When you replay or fork a run in Retrace, the steps before the fork come from the recording, but everything after runs live against the model. So two runs of the same input rarely match exactly, even when nothing actually broke.
That makes the useful question harder than it sounds: when a replay diverges, is it a real regression from your change, or just provider non-determinism? Retrace currently shows a first-divergence diff and a verdict of improved, regressed, or unchanged, but I would like to hear how others handle it. What tolerance do you use in practice, and would you rather see a strict step-by-step diff or a semantic comparison of each step?
Congrats on the launch. Replaying tool calls from the tape instead of re-executing them is the right default, that alone puts it ahead of most homegrown replay scripts I've seen. The question I'd need answered before pointing this at a client project: my tool args and prompts regularly carry things like bearer tokens and customer emails, so when a trace is stored or shared with a teammate, does Retrace redact any of that or does the span keep everything as-is? Redaction at the SDK level would be a real selling point for the paid tier.
Retrace
@vollos good news, it's handled by default: every span is run through PII redaction before anything is written to storage, so bearer tokens, auth headers and customer emails come out as [TOKEN_REDACTED] / [EMAIL_REDACTED] in both stored and shared traces, on every plan (not just paid). it runs server-side across all ingestion paths so nothing raw is ever persisted even if the client slips one through, best way to gut-check it is to sign up (free tier), point one real trace at it, and watch it get redacted in the span view.
@yash1511_bogam Default-on for every plan is the right call — plenty of tools gate redaction behind enterprise and everyone below that tier just leaks. Glad to hear it runs server-side too. Good luck with the rest of launch week.
Retrace
@vollos Appreciate it, and totally agree that gating redaction behind enterprise just means everyone below leaks by default.
The first-divergence approach surfaces an input-side problem I've hit in my own agent harness: volatile tokens the harness itself embeds in prompts — timestamps, run ids, sampled examples — make every replay look like it diverges at step 1, before any real regression. My fix was blunt: ban wall-clock and randomness inside the orchestration layer entirely (time gets injected as an argument), so replays are byte-stable by construction. Curious where Retrace draws this line: do you normalize/mask known-volatile spans when computing first divergence, so a timestamp delta doesn't count as a fork point — or is the recommendation to make the harness deterministic upstream, like I did? And if it's masking, is the mask list configurable per project? Feels like the difference between a diff you trust and a diff you learn to ignore.
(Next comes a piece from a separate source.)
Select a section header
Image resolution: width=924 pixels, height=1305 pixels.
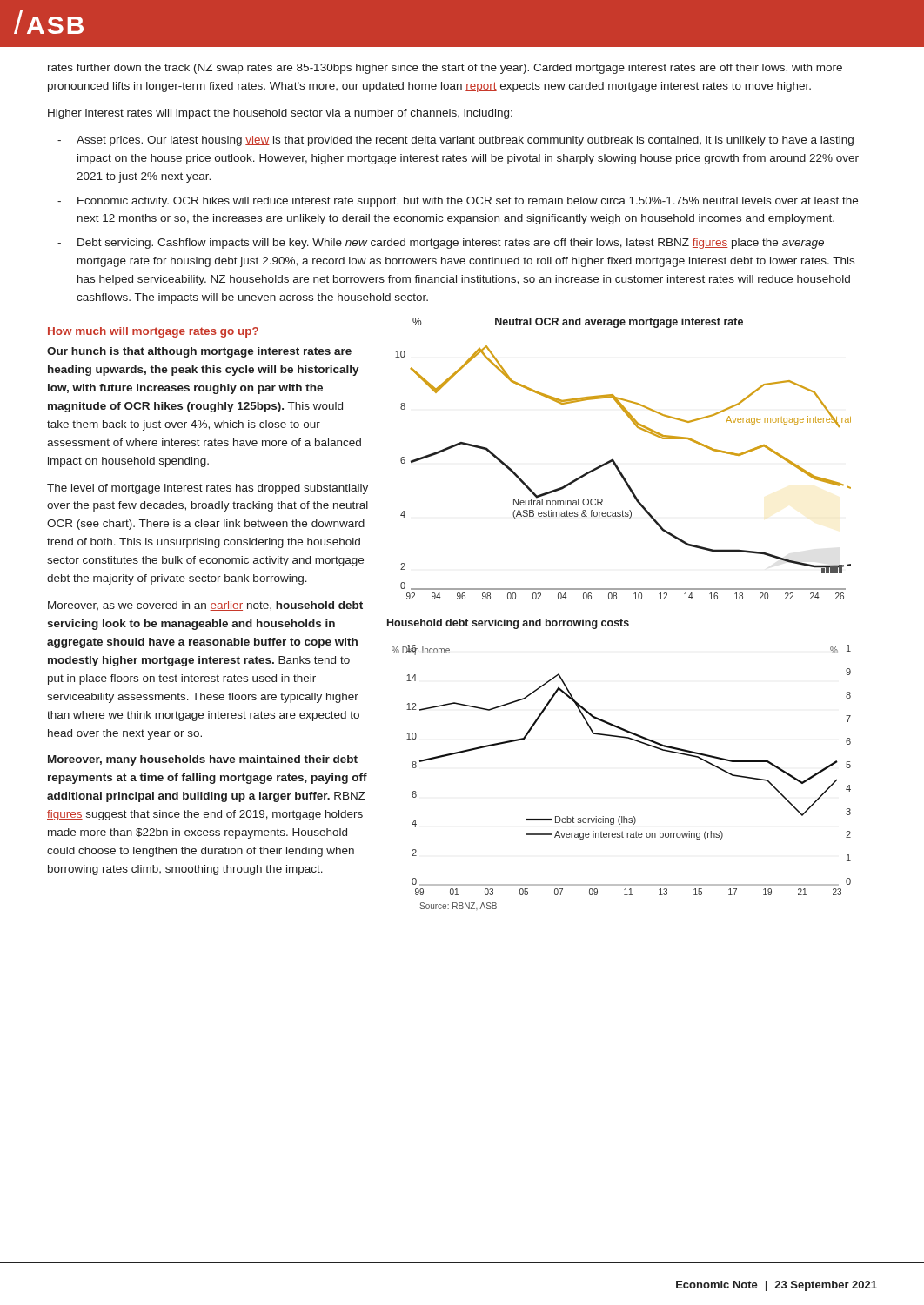(x=153, y=331)

The fork-as-git-branch model is the right call for agent debugging — re-running a whole prompt throws away the exact upstream state that caused the break. The thing I'd need pinned before wiring this into a real stack is side effects: when a forked run re-executes downstream live, does a tool call that writes to a DB or hits a payment/email API actually fire again, or can you stub specific tools so a fork doesn't repeat real-world writes? Being able to mark tools as replay-only vs live seems like the difference between using this on prod agents or only read-only ones.
finally something that lets me actually see why my agent broke instead of digging through logs. the replay view caught a tool call loop in seconds, super useful.
Retrace
@muhammetbelgin Appreciate the kind words! If you want to try it on your own agent, you can sign up free and have your first trace replaying in a couple of minutes: retraceai.tech
Replay + fork is exactly how agent debugging should work. Today my 'debugging' is reading transcripts of production calls and guessing which turn derailed it - being able to fork from the exact step and test a fix against the same context would save hours. Does it work with voice agents / live conversation logs, or is it aimed at tool-calling agents? Congrats on the launch.
How does the free tier handle traces that get close to the limit mid-session — does it cut off or let you finish and just throttle new ones?
The failures that actually bite me only show up on a real user's weird input in prod, never when I'm testing locally, so recording a run and replaying it after the fact is the dream. Two Qs: can I ingest traces from a deployed backend (not just a local dev harness), and since those recordings carry real user messages, is there any redaction/PII control before a trace gets stored or shared?